> [Directions] For the records below, copy exactly the span that begins at the line containing "Operation: read. Source: the" and stops after the line containing "View 1: TXD", minus any pictures.

┌─ Data for the task

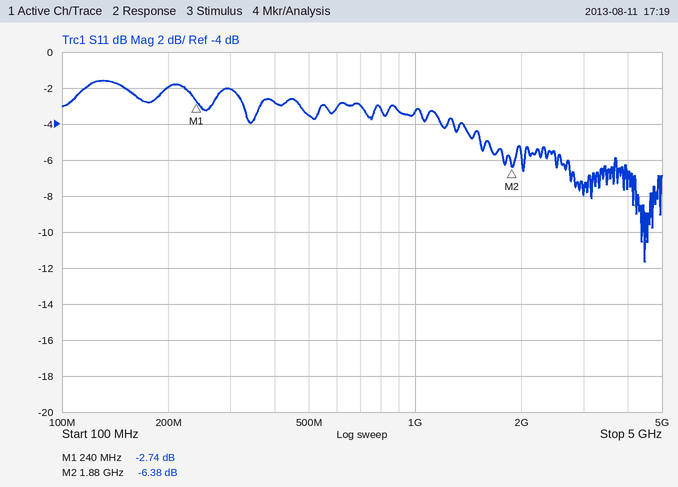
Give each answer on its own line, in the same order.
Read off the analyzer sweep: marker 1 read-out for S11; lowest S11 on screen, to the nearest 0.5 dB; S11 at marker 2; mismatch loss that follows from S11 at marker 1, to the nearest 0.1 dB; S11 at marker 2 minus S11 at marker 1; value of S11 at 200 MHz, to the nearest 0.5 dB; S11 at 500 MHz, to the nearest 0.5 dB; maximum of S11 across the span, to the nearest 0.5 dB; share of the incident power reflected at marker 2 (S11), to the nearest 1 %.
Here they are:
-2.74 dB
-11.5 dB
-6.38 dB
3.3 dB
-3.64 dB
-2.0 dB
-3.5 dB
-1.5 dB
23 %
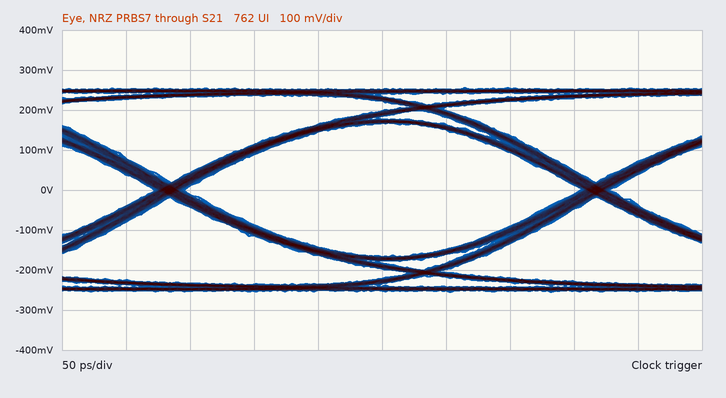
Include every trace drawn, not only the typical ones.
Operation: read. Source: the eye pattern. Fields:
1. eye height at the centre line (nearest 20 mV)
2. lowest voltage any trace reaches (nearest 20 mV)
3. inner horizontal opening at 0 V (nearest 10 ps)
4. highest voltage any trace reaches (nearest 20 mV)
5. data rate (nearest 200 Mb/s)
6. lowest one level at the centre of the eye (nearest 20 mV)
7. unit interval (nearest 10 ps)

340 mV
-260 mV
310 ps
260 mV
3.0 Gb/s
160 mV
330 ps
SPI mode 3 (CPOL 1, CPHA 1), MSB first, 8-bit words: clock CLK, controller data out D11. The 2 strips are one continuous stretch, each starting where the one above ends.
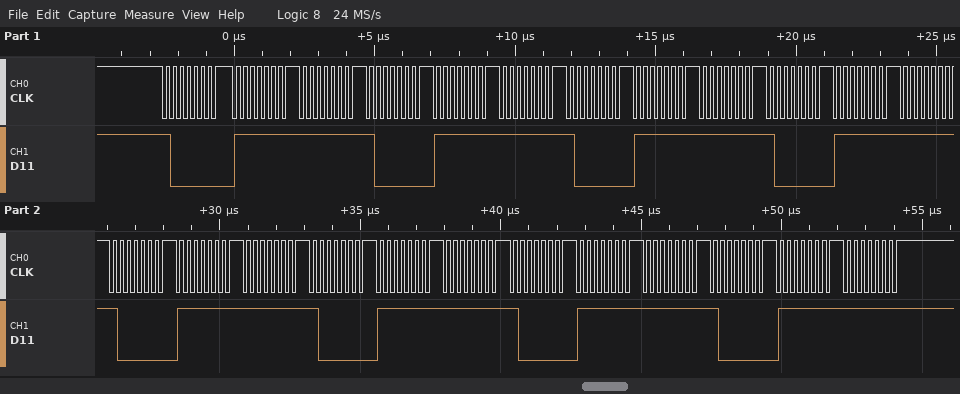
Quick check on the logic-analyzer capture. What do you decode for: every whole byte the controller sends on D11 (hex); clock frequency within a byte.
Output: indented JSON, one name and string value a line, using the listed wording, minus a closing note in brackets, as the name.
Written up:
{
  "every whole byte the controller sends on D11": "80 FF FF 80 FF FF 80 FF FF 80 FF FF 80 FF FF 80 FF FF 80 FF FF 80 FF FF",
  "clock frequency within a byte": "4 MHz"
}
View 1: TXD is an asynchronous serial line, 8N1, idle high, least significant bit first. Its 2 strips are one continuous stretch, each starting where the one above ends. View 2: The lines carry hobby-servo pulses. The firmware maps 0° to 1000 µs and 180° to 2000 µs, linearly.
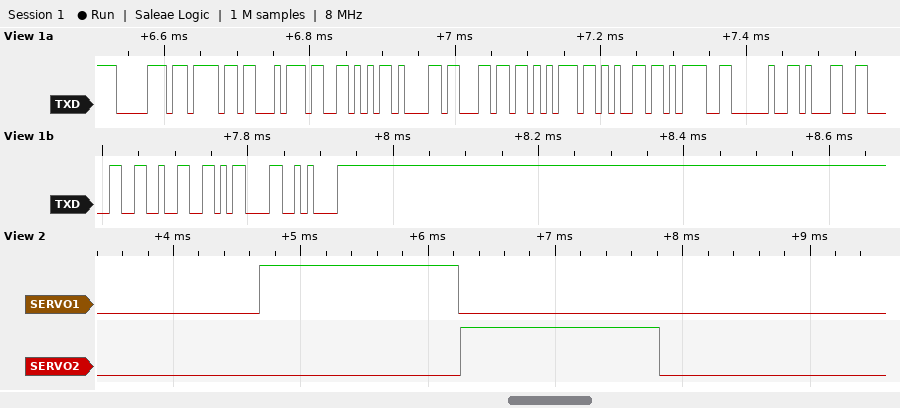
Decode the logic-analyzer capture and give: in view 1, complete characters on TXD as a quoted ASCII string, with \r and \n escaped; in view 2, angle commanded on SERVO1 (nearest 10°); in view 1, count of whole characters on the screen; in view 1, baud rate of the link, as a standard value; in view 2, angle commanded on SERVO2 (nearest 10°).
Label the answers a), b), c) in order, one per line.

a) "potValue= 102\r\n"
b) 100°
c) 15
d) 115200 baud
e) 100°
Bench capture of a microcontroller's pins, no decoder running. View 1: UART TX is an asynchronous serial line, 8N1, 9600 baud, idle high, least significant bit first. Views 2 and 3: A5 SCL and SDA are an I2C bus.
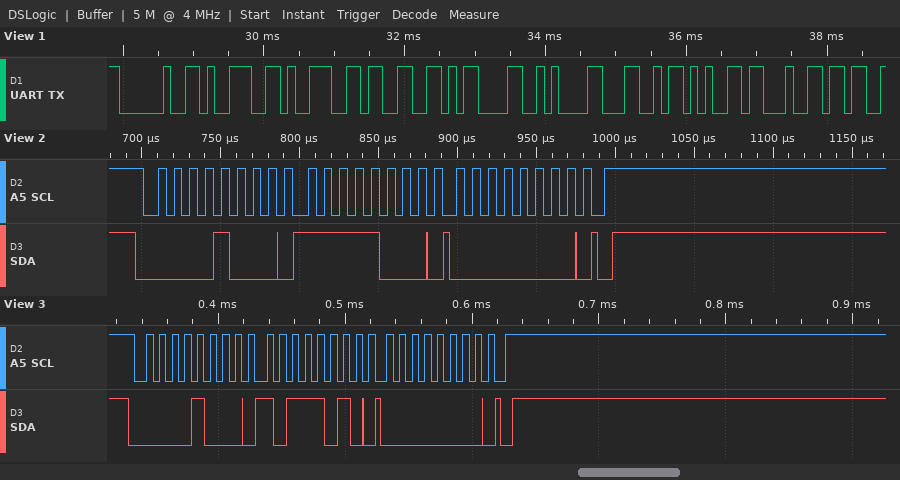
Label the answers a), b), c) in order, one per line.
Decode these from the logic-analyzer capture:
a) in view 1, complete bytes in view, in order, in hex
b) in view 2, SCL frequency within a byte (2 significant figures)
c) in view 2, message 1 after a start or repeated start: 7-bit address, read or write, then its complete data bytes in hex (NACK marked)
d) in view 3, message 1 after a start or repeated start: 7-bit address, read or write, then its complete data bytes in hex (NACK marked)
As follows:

└─

> [The answer]
Operation: read. Source: the eye pattern. Fields:
1. eye height at the centre line (nearest 20 mV)
2. lowest voltage any trace reaches (nearest 20 mV)
3. inner horizontal opening at 0 V (nearest 10 ps)
4. highest voltage any trace reaches (nearest 20 mV)
5. data rate (nearest 200 Mb/s)
6. lowest one level at the centre of the eye (nearest 20 mV)
7. unit interval (nearest 10 ps)

340 mV
-260 mV
310 ps
260 mV
3.0 Gb/s
160 mV
330 ps
SPI mode 3 (CPOL 1, CPHA 1), MSB first, 8-bit words: clock CLK, controller data out D11. The 2 strips are one continuous stretch, each starting where the one above ends.
Quick check on the logic-analyzer capture. What do you decode for: every whole byte the controller sends on D11 (hex); clock frequency within a byte.
Output: indented JSON, one name and string value a line, using the listed wording, minus a closing note in brackets, as the name.
Written up:
{
  "every whole byte the controller sends on D11": "80 FF FF 80 FF FF 80 FF FF 80 FF FF 80 FF FF 80 FF FF 80 FF FF 80 FF FF",
  "clock frequency within a byte": "4 MHz"
}
View 1: TXD is an asynchronous serial line, 8N1, idle high, least significant bit first. Its 2 strips are one continuous stretch, each starting where the one above ends. View 2: The lines carry hobby-servo pulses. The firmware maps 0° to 1000 µs and 180° to 2000 µs, linearly.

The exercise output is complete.